So sieht die vermeintliche Avantgarde der deutschen Fernsehunterhaltung aus. Joko, 34, und Klaas, 29, gelten als die großen Gewinner der Ironisierungswelle, wie sie seit Jahren unaufhaltsam durch die deutschen Medien rollt. Was Stefan Raab mit den mittlerweile schwächelnden Formaten „Schlag den Raab“ und „Wok-WM“ begann, setzen die beiden Moderatoren brachial fort. Es gibt so ziemlich keine Geschmacklosigkeit, die sich hier nicht mit einem Augenzwinkern als Entertainment verwerten ließe, und wenn das Zwinkern zur epileptischen Zuckung wird, umso besser. Umlauf und Winterscheidt haben den Körper zur Kampf- und Spaßzone erklärt. Bei MTV waren sie nur bessere Pausenclowns, aber dann kam, nach einem Boxenstopp bei ZDFneo, Pro Sieben und erkannte in ihnen Quotenbringer.

Nun wird in wechselnden Formaten Flatulenzspray eingeatmet, man zerschlägt sich Eier am Kopf („Russisch Omelette“), lässt sich von einem Eishockeyspieler in voller Montur umrennen. Gehirnerschütterung auf beiden Seiten des Bildschirms: Eine Klaas- und Joko-Sendung bedeutet Ad-hoc-Regression in den Bereich pubertärer Gehässigkeit. Was dir wehtut, macht mir Spaß und umgekehrt; der Witz ist unmittelbar an die Physis gekoppelt. Zerebral verrenken sollen sich die Leute bei Harald Schmidt, der bei Sky jedoch fast unter Ausschluss der Öffentlichkeit witzelt.

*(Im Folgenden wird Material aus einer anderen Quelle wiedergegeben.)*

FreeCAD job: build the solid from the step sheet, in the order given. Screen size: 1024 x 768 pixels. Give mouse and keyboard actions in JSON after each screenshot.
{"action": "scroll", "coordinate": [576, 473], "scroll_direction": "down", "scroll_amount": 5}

Für Kulturbürger ist diese Art der Komödie bestenfalls irrelevant, schlimmstenfalls sozial flurschädigend. Konventionelle Witzdramaturgie sieht eine Geschichte vor und am Ende Erkenntnisgewinn, Pointe genannt. Diese Showmaster aber sind keine Erzähler, ihr Humor zerstreut sich in klamaukigen Momentaufnahmen: Klaas bei der Karussellfahrt in einer Zentrifuge für Raumfahrttraining; Joko, der einen Alligator am Schwanz zieht.

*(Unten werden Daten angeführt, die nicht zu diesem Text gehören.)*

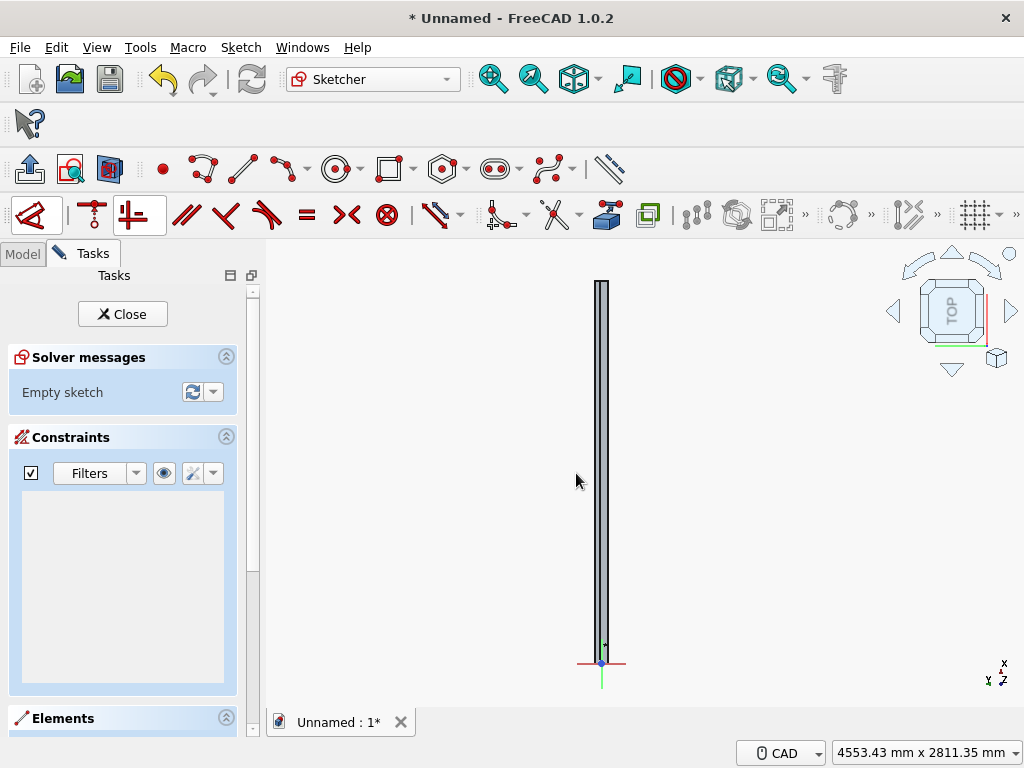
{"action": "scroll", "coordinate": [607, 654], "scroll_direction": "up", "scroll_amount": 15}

Das Prinzip ist nicht neu, es hat im angelsächsischen Raum sogar eine eminente Tradition. Slapstick war eine der Grundlagen des Vaudeville-Theaters. Joe Keaton, der Vater von Buster, bekämpfte bereits 1895 einen Tisch, mit Hechtsprüngen, Fausthieben und Rempeleien. Der Kampf mit der Dingwelt zeigte den Zivilisationsbewohner als paradoxen Akteur, der sich mit den von ihm geschaffenen Sachen überwerfen muss. Eine späte Blütezeit erreichte die Pein- und Peinlichkeitsartistik dann bei der Künstlertruppe „Jackass“. Ehemalige Skateboarder pervertierten Ende der neunziger Jahre die Happening-Idee zur Sadismussause. Man schnupfte Wasabi, inhalierte Pfefferspray oder legte sich mit Steaks behängt auf einen Grill.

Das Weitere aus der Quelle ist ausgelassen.